JULY 1975
BY JON SLATTERY
Mail’s bash for Freemantle
Daily Mail editor David English was pictured on the front of Press
Gazette, pedalling a rickshaw down Carmelite Street. The passenger was
foreign editor Brian Freemantle, who was retiring from the paper to
write books. The Mail certainly knew how to throw a leaving bash in
those days. Staff donned fancy dress as English conducted a This Is
Your Life-style farewell to Freemantle.
Diarist Nigel Dempster, wearing mask, cape, tights and a t-shirt
with “Captain Schizoid” emblazoned on it, jumped onto the foreign desk.
Other staffers dressed variously as the stripper Gypsy Rose Lee,
Vietcong soldiers and British Rail guards. Certainly beats the
traditional carriage clock and a few pints down the office local.
Fleet Street chapels rush to beat 10 per cent ceiling
NUJ chapels in Fleet Street disrupted production of their newspapers
as they tried to negotiate pay increases ahead of plans by the
Government to impose a 10 per cent ceiling on all rises. In these days
of low inflation, the annual pay rises look enormous. Daily Mirror
journalists had turned down an offer of 20 per cent, while The Sunday
Times had accepted 22 per cent and The Times, 17 per cent. Journalists
on The Daily Telegraph and The Sunday Telegraph were demanding a 25 per
cent increase. The negotiations with individual papers came after talks
between the NUJ and the Newspaper Publishers Association had broken
down.
Regional news agencies ask nationals for more
It could be a story written today. Regional news agencies were
complaining about the low rates paid for stories by the national press.

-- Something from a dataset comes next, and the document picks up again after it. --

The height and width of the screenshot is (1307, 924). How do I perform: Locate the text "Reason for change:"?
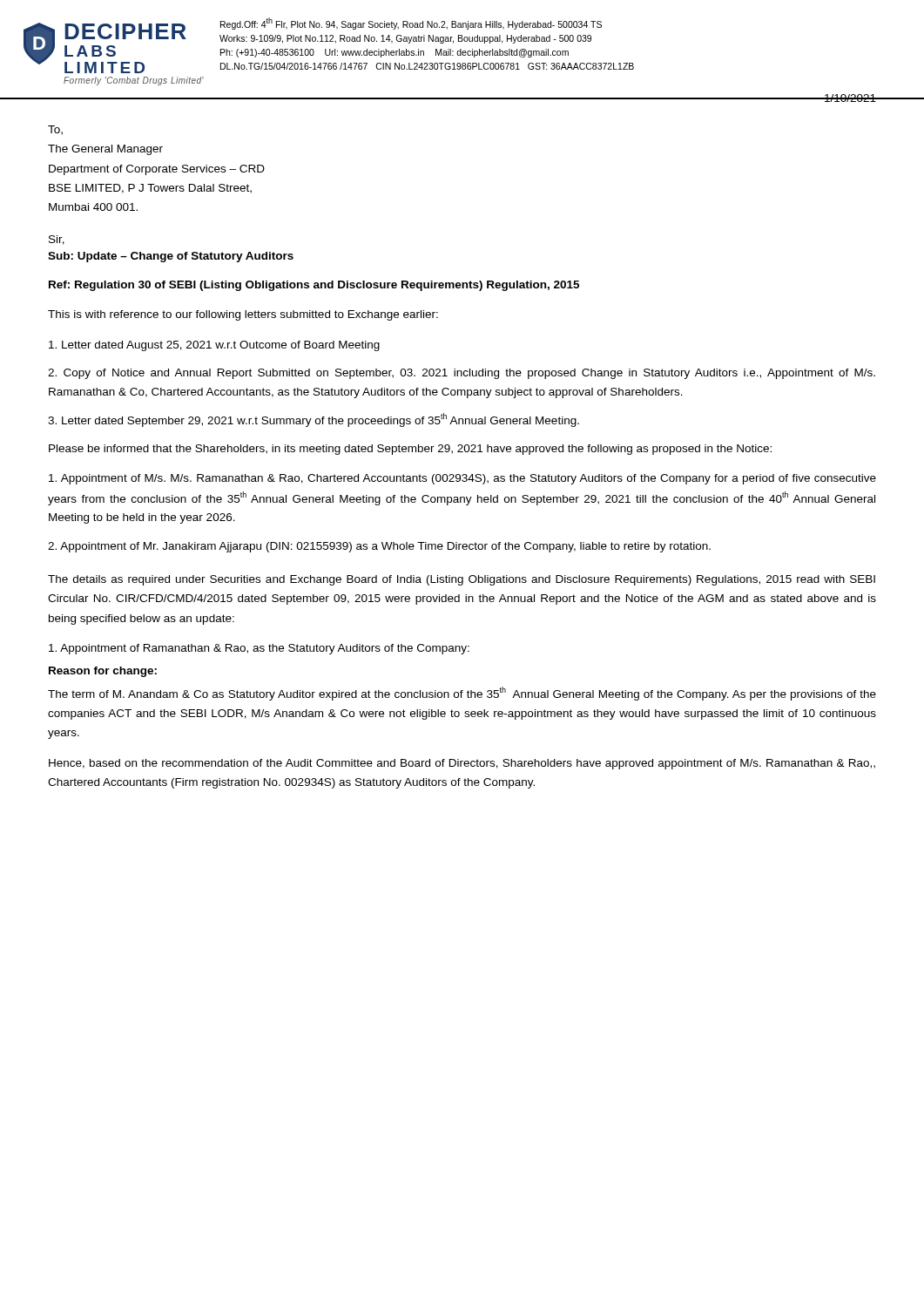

In a letter to national editors, Reuters, the BBC and ITN, leading
agencies complained that they could not continue to provide a
comprehensive news service if rates did not improve. It was signed by,
among others, Raymonds News Agency of Derby, Solent, Caters, Wessex and
the Southern News Service. “This is the first time that such collective
action has been taken,” they wrote. “It is grossly unfair to expect
national calibre stories for less than a fiver.”
MP bugged by magazine
The New Scientist had shown how MPs could be bugged in the House of
Commons. It enlisted the help of MP Jeremy Corbyn, who smuggled a
listening device into Parliament. He then used it to bug a conversation
with another MP, Tom Torney, which was picked up by New Scientist
journalist Enid Broderick 350 yards away on Westminster Bridge. Torney
was not amused. He said although he sympathised with what the magazine
was trying to do, it had gone about it in the wrong way. New Scientist
stressed the purpose was to show that even tight security was no
defence against bugging.
Whoosh – it’s supersonic Womersley
The Daily Mail’s John Womersley became Fleet Street’s first
supersonic news editor when he joined Concorde for its first endurance
flight to Bahrain. Womersley’s copy, based on the outward flight, was
used in the Mail’s first edition under a Bahrain dateline. He was back
in time to file from Heathrow for a report which went into the Mail’s
third edition. “It seemed remarkable that in seven hours 43 minutes of
flying time we had been 7,000 miles, when you consider it could take
longer to get a reporter from London to the West Country,” he said.
New magazine for pub landlords
Parkway Publications announced it was planning to launch The
Publican in September as a monthly magazine. The Publican is now a
weekly and was recently sold by Quantum to UBM for more than £20m.